Adapun Pemikiran dan Karya Ismail Raji Al-Faruqi diantaranya adalah sebagai berikut:

1. Pemikiran Ismail Raji Al-Faruqi:Ismail Raji Al-Faruqi merupakan seorang intelektual yang sangat produktif dalam karyanya sebagai penulis. Pemikiran yang dikemukakan oleh Al-Faruqi banyak menggagas ide dan konsep yang relevan dengan berbagai masalah yang dihadapi oleh umat Islam. Beberapa dari pemikiran Al-Faruqi mencakup:

a. Pandangan tentang Pendidikan:Menurut Al-Faruqi, umat Islam saat ini berada dalam keadaan yang rentan. Kemunduran yang telah dimulai dewasa ini telah menyebabkan Islam mengalami fase kemunduran. Kondisi ini turut berkontribusi pada munculnya tingkat kebodohan di kalangan umat Muslim, dengan penyebaran buta huruf, kekurangan pengetahuan, dan keyakinan tak berdasar. Akibatnya, terjadi penurunan moral dan pergeseran sumber nilai moral dari yang bersumber pada Islam. Oleh karena itu, kondisi ini menciptakan dualisme dalam sistem pendidikan dan kehidupan umat Islam.

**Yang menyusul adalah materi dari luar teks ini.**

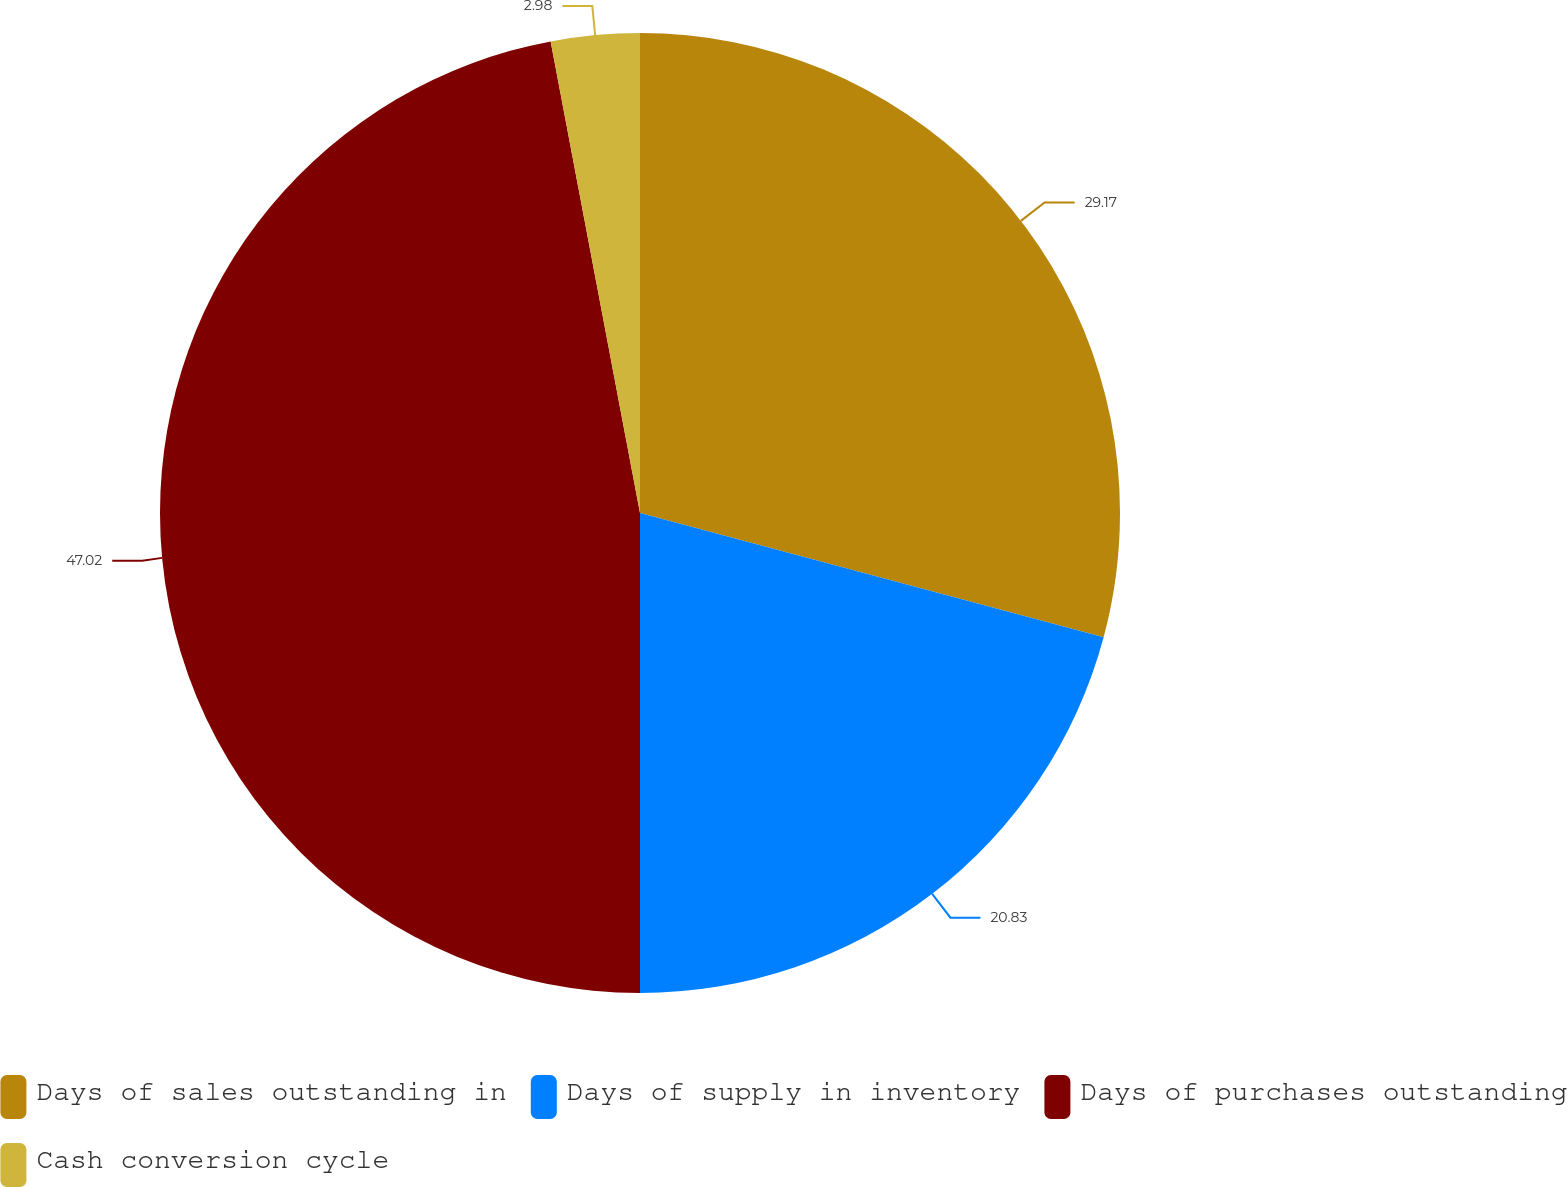<chart> <loc_0><loc_0><loc_500><loc_500><pie_chart><fcel>Days of sales outstanding in<fcel>Days of supply in inventory<fcel>Days of purchases outstanding<fcel>Cash conversion cycle<nl><fcel>29.17%<fcel>20.83%<fcel>47.02%<fcel>2.98%<nl></chart>

Menurut Al-Faruqi, sebagai dampak dari ketidakberdayaan yang dihadapi oleh umat Islam sebagai bagian dari masyarakat terbawah, muncullah dualisme dalam sistem pendidikan Islam dan kehidupan umat. Untuk mengatasi dualisme ini dan sekaligus menemukan solusi untuk tantangan yang dihadapi umat, Al-Faruqi menyatakan bahwa pengetahuan harus diintegrasikan dengan baik agar sejajar dengan prinsip tauhid dan ajaran Islam.

b. Pemikiran tentang Tauhid:Dalam konteks pemikiran Islam, fokus utama Al-Faruqi adalah pada pemurnian konsep tauhid. Baginya, nilai keislaman seseorang terletak pada pengakuan terhadap Allah Swt., yang tercakup dalam syahadat. Usahanya untuk menyucikan konsep tauhid telah dilakukan oleh para ulama terdahulu, termasuk gerakan wahabiah yang dipimpin oleh Muhammad bin Abdul Wahab.

Menurut Al-Faruqi, kalimat "tau hid" membawa makna negatif dan positif. Bagian "La ilaaha" (tiada Tuhan yang berhak diibadahi) menunjukkan bahwa yang berhak diibadahi hanya Allah Swt., tanpa sekutu bagi-Nya. Dalam bukunya, Kitab Al-tauhid, Al-Faruqi menegaskan bahwa setiap bentuk takhayul, sihir, atau keterlibatan dalam syirik adalah pelanggaran terhadap tauhid.

Tauhid merupakan elemen yang memberikan identitas pada peradaban Islam, menghubungkan semua aspek sehingga membentuk suatu entitas yang integral dan terorganisir yang disebut sebagai peradaban. Secara tradisional, tauhid adalah keyakinan bahwa "tak ada tuhan kecuali Allah" yang mencakup aspek-aspek realitas, kebenaran, dunia, ruang dan waktu, serta sejarah manusia.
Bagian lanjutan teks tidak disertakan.